Not those Eastern European ones from where consoles haven't penetrated that much yet, but most of the rest of the stuff, yes, I would say so, to some degree or another.
As above, I don´t see the consolization. Big buget games are still there. Do you think it´s cheap to develop Total War games? To develop Portal 2? To develop Metro 2033? To develop Dragon Age?
Again, Dragon Age was after five straight console-focused games; it is great that Bioware is supporting PCs too, but five to one... it's clear where their top focus is.
Portal 2 - Valve is one of those two remaining major holdouts, with Blizzard.
Metro 2033 - Eastern European, and simultaneous PC/X360 release too. (Remember that it's going to be a lot cheaper to develop in the Ukraine than in America or something, making games like that easier to fund...)
Total War - Long-running series... it is interesting that The Creative Assembly hasn't gone more into consoles, though. They did a couple of games, but haven't done console ports of their main series titles, interestingly enough... perhaps it's a little easier because they're British and not American, and PCs are more popular in Europe (I said both North America and Western Europe, but it probably is worse in North America than Western Europe, though certainly present in both). But like with Civilization, I'm sure the fact that their games are part of a successful, long-running series must help a lot.
The definining aspects of PC gaming is the reason that I´m still a pc gamer. I just don´t have the needy feelings of every gaming publication focusing on PC games. I can find them myself (and through Rock, Paper, Shotgun).
Developers like Valve, Blizzard, Telltales, Creative Assembly, Bioware and Runic Games gives me what I need and desire.
The business model around AAA games today is just sick and broken, and I don´t have the need for all my games to be the games that they produce, since they are almost always streamlined single player action games.
Yeah, I agree that it's unfortunate that that's the direction so many studios went in. With how so many of them are in trouble now though, perhaps they'll rethink it?
Macmanus said:
You're really just sort of making up stuff at this point.
You really think that Telltale's games are the equal in budget, quality, and design to the Lucasarts classics? Seriously? Funny, because I don't think that yours is the majority opinion...
I mean, Telltale's games are pretty good, yes. As good as the worst Lucasarts adventure games, such as Escape from Monkey Island? Perhaps, yeah. But as good as the rest of the Lucasarts adventure games? No.
The golden age of PC gaming is something you made up in your head that is colored in a rose tint cultivated by a bizarrely idolized sense of nostalgia.

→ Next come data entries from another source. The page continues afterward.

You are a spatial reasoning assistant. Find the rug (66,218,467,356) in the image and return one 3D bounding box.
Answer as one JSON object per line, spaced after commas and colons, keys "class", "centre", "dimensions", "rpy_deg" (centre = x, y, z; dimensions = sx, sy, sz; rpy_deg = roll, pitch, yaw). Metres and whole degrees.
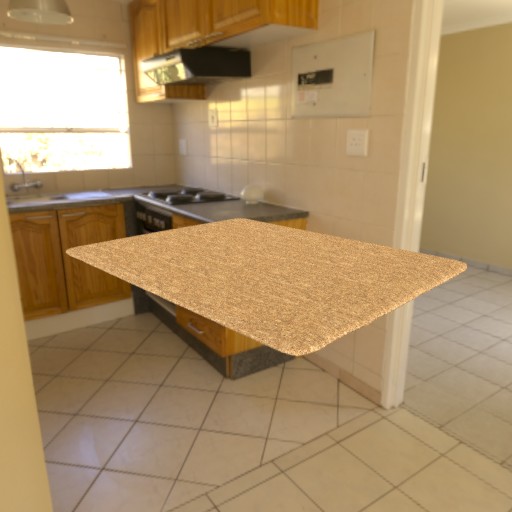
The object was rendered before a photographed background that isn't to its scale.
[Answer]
{"class": "rug", "centre": [0.000, 0.000, 3.882], "dimensions": [2.242, 0.050, 2.873], "rpy_deg": [-15, 22, -43]}
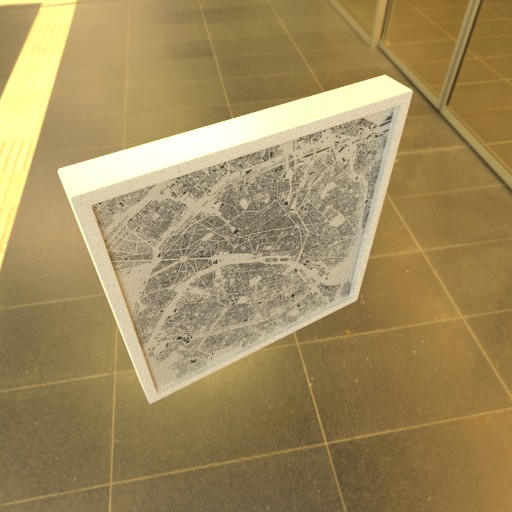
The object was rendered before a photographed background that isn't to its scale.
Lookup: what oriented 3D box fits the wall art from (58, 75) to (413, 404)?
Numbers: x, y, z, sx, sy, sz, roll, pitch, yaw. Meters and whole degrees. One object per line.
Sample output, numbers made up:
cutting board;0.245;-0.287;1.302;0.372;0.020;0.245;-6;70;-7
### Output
wall art;0.000;0.000;0.466;0.305;0.305;0.038;-23;50;-20
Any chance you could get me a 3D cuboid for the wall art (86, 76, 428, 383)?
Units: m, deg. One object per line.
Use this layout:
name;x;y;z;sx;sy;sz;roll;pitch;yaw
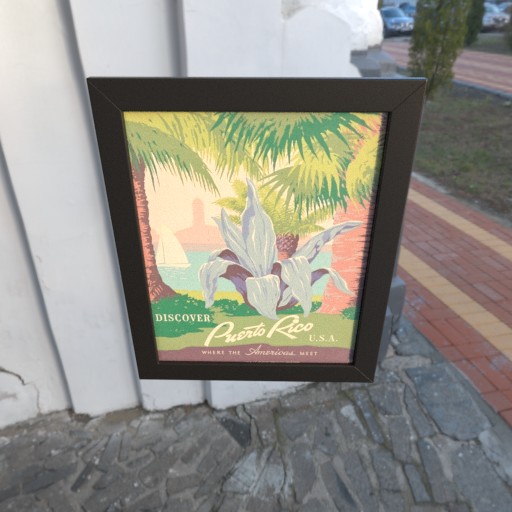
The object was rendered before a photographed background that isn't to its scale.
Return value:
wall art;0.000;0.000;0.773;0.481;0.582;0.018;1;30;1
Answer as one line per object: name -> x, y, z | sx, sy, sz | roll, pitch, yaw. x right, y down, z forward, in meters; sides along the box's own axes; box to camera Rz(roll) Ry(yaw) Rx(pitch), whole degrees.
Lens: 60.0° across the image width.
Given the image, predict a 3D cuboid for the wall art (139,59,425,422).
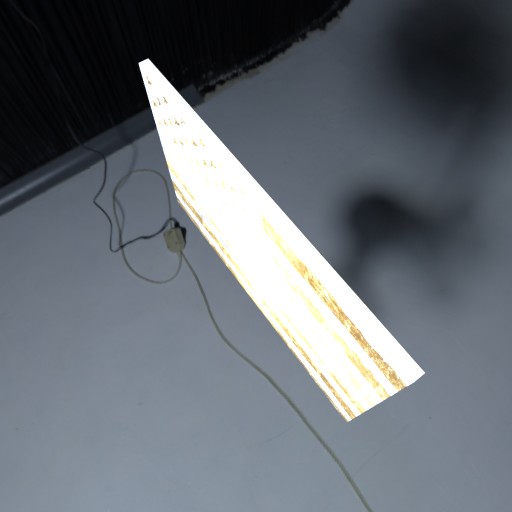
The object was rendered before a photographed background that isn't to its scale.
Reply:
wall art -> 0.000, 0.000, 1.181 | 0.027, 0.610, 0.932 | -33, 68, -15
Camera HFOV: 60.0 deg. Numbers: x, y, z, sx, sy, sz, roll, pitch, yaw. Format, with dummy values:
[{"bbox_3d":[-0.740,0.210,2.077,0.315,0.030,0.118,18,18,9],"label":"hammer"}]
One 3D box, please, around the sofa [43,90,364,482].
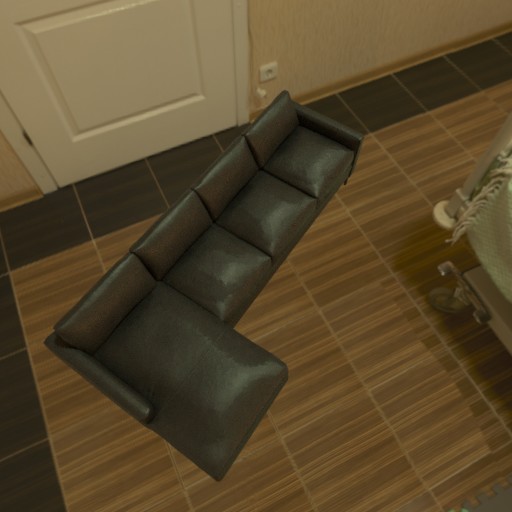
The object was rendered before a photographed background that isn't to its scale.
[{"bbox_3d":[0.000,0.000,3.590,1.471,0.859,2.993,31,65,16],"label":"sofa"}]
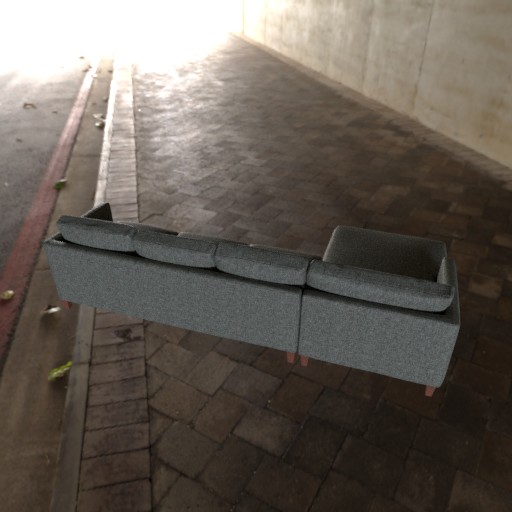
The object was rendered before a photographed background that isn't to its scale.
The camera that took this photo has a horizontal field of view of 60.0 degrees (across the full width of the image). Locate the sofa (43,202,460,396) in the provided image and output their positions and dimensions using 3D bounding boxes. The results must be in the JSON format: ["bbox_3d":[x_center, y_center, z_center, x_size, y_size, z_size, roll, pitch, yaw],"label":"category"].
[{"bbox_3d":[0.000,0.000,4.215,3.485,0.960,1.635,10,34,16],"label":"sofa"}]
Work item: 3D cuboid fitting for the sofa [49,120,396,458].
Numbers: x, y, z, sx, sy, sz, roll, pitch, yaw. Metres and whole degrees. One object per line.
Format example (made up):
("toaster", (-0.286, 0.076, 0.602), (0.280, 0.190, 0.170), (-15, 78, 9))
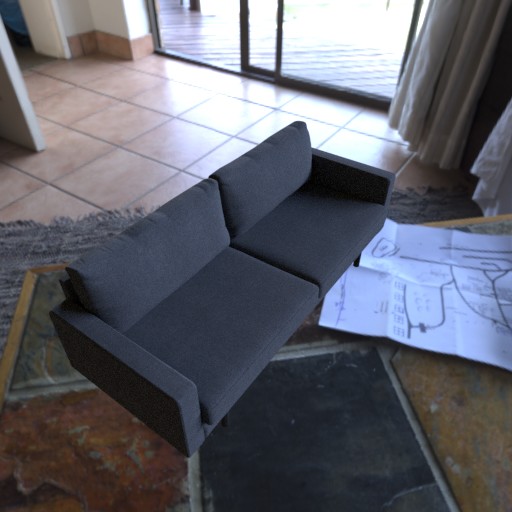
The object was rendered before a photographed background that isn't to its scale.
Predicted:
("sofa", (0.000, 0.000, 2.608), (0.880, 0.880, 2.100), (25, 47, 26))
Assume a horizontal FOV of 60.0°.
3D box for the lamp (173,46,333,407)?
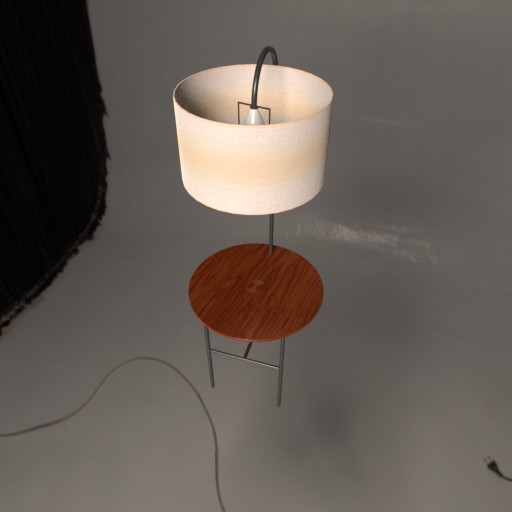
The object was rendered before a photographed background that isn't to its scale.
[{"bbox_3d":[0.000,0.000,1.777,0.573,1.517,0.573,0,41,0],"label":"lamp"}]
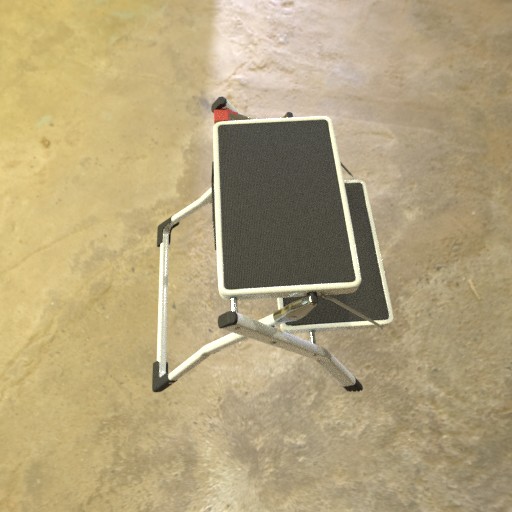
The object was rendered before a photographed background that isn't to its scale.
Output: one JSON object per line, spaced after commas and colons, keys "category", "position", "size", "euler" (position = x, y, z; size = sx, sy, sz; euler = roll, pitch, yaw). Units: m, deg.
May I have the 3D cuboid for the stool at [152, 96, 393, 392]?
{"category": "stool", "position": [0.000, 0.000, 0.883], "size": [0.490, 0.445, 0.485], "euler": [-3, 64, -2]}
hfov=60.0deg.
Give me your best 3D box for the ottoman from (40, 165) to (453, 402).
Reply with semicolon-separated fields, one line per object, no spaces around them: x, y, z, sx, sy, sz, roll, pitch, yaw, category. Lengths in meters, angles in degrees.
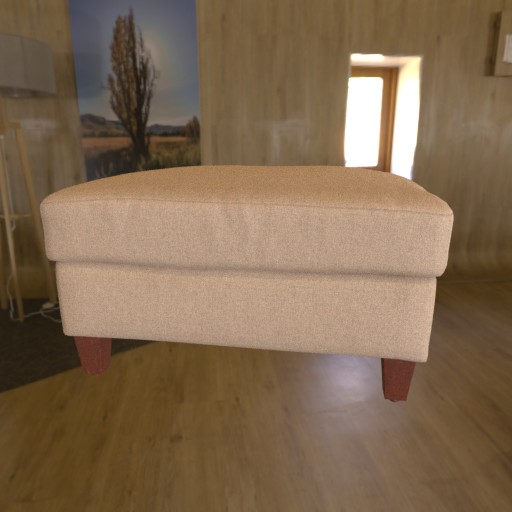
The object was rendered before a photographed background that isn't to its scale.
0.000;0.000;1.282;0.902;0.511;0.692;2;15;9;ottoman
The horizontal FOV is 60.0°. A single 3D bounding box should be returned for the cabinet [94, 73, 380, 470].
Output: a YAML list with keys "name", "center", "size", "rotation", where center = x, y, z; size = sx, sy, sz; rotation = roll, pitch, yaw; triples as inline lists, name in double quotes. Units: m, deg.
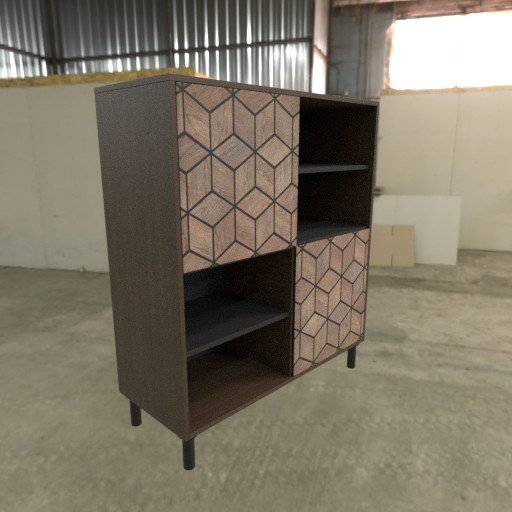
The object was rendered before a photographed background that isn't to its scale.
- name: "cabinet"
  center: [0.000, 0.000, 1.711]
  size: [0.400, 1.170, 1.010]
  rotation: [13, 19, 43]
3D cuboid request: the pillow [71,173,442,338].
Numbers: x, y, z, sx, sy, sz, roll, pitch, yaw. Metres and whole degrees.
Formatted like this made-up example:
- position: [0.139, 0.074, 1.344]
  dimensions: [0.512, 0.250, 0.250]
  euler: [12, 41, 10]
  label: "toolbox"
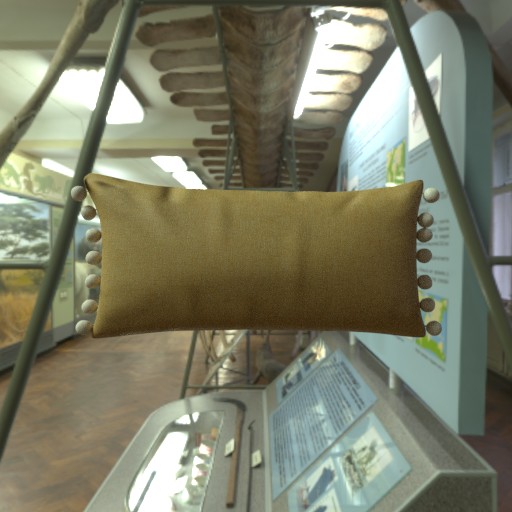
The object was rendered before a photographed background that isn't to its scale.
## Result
- position: [0.000, 0.000, 0.862]
  dimensions: [0.709, 0.322, 0.201]
  euler: [0, 0, 1]
  label: "pillow"
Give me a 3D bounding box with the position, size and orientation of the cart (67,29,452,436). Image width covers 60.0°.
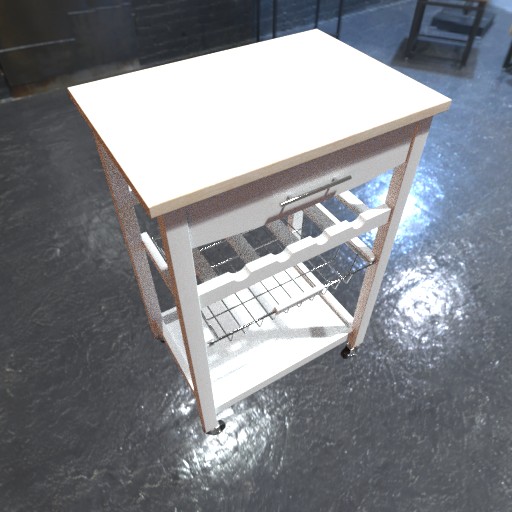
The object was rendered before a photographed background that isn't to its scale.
[{"bbox_3d":[0.000,0.000,1.119,0.578,0.857,0.406,-24,51,-21],"label":"cart"}]
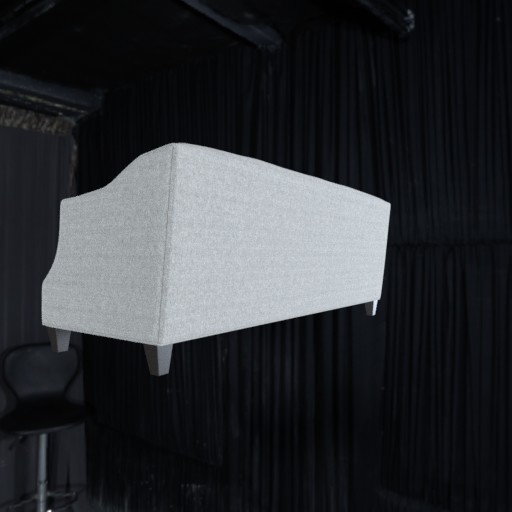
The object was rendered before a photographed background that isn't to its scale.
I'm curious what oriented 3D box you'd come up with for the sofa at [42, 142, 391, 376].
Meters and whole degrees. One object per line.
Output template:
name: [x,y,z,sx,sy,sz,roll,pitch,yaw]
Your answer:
sofa: [0.000,0.000,2.730,0.914,0.901,2.235,0,0,36]
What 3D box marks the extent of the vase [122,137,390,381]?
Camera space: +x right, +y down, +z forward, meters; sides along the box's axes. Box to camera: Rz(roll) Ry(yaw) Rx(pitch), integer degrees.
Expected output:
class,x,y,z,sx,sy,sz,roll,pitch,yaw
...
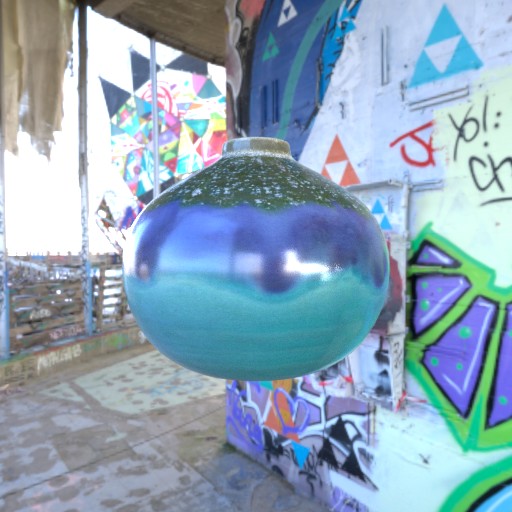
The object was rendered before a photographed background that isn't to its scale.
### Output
class,x,y,z,sx,sy,sz,roll,pitch,yaw
vase,0.000,0.000,0.266,0.154,0.133,0.154,0,1,0
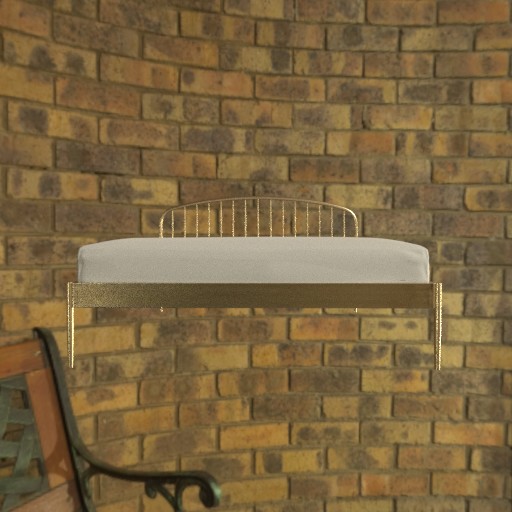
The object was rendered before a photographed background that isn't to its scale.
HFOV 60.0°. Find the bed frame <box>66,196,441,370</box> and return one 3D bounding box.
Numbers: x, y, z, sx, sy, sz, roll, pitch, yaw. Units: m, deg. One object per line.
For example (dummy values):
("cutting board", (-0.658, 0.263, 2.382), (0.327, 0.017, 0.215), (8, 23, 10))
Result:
("bed frame", (0.000, 0.000, 3.442), (2.016, 1.174, 2.152), (0, 1, 1))
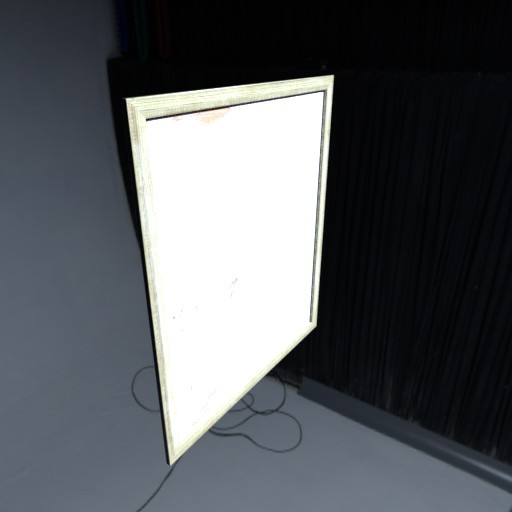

The golden age of PC gaming is now. Hardware costs are at an all time low with the hardware cycle being at an all time high. Software costs are at an all time low with the largest available library we've ever seen at our finger tips. Indie development is taking off and game production is more accessible than it ever has been.
The "downfall of PC gaming" isn't an industry issue, it's a personal one.
That's so ridiculously, totally far off base that I don't know if there's anything I can even say...
Were you even playing PC games in the '90s?
That even WITH cheaper hardware prices and lower software costs big-budget PC-exclusive game development is just about at its deadest point since before PCs became popular is pretty sad, but true.